What Health Insurance Options Does A Child Have After Turning 26

Typically when the parents’ health insurance plan covers an individual, the coverage cutoff date depends on how the health insurance policy was first acquired.

If the parents gained their health insurance policy via their employment, the coverage ends about a month after the dependent turns 26. But if the parents had gotten the health insurance policy in the Health Insurance Marketplace, its coverage continues till the last day of the year they turn 26.

When the dependent turns 26, they automatically get qualified for a Special Enrollment Period. The Special Enrollment Period, SEP, is open for 60 days, after which they lose health coverage status if they still haven’t gotten new health insurance.

The Special Enrollment Period ensures that nobody ever has to go months without health insurance while waiting for the next Open Enrollment Period.

If you are a dependent who just turned 26 and are worried about losing your insurance, you need not be as there are numerous options to get a health insurance policy of your own.

If you are in college, you can check with your college administrator. Most universities and colleges provide health insurance policies for their students. An employer might offer health insurance alongside a benefits package.

For individuals that are low income, the federal government offers Medicaid. However, you have to qualify. To be eligible for Medicaid, the income has to be up to 137% federal poverty level. As of 2020, Medicaid qualification for a family of three would require the total family income to be less than $30,000.

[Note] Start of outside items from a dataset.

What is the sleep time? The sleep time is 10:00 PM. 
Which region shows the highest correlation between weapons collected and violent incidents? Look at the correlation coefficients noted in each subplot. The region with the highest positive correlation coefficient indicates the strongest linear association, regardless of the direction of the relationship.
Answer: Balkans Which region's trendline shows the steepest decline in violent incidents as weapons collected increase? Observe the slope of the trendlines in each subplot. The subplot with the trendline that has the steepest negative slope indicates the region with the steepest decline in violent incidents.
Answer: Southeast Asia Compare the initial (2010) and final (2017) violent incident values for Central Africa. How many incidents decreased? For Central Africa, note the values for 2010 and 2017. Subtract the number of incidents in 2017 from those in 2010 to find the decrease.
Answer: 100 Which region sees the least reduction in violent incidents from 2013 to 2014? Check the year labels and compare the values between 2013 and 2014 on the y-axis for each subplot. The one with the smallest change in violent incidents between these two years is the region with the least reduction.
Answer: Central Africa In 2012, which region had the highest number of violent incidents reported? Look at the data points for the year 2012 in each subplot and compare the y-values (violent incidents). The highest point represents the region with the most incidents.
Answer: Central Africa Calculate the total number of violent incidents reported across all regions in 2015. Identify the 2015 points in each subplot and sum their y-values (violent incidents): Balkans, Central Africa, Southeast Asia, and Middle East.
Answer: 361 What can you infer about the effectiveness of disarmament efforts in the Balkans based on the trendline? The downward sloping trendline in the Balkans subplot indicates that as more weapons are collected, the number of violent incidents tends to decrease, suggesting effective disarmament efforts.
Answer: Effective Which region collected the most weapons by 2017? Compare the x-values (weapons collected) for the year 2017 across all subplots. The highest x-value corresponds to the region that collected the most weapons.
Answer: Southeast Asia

The Healthcare Marketplace can also be an avenue to find other viable options. There are different health insurance plans available. You may consider a plan depending on your health situation and income level.

For example, when you stop being a dependent at 26, you may qualify for the Catastrophic health insurance plan available to people younger than 30.

Whichever option you select, you must remember that you have to begin looking for health insurance options before you turn 26. Doing so gives you an idea of what coverage you want before you’re cut off.

Once your parents’ health insurance stops covering, you can use the information you’ve gotten and get an insurance policy within 60 days of your Special Enrollment Period.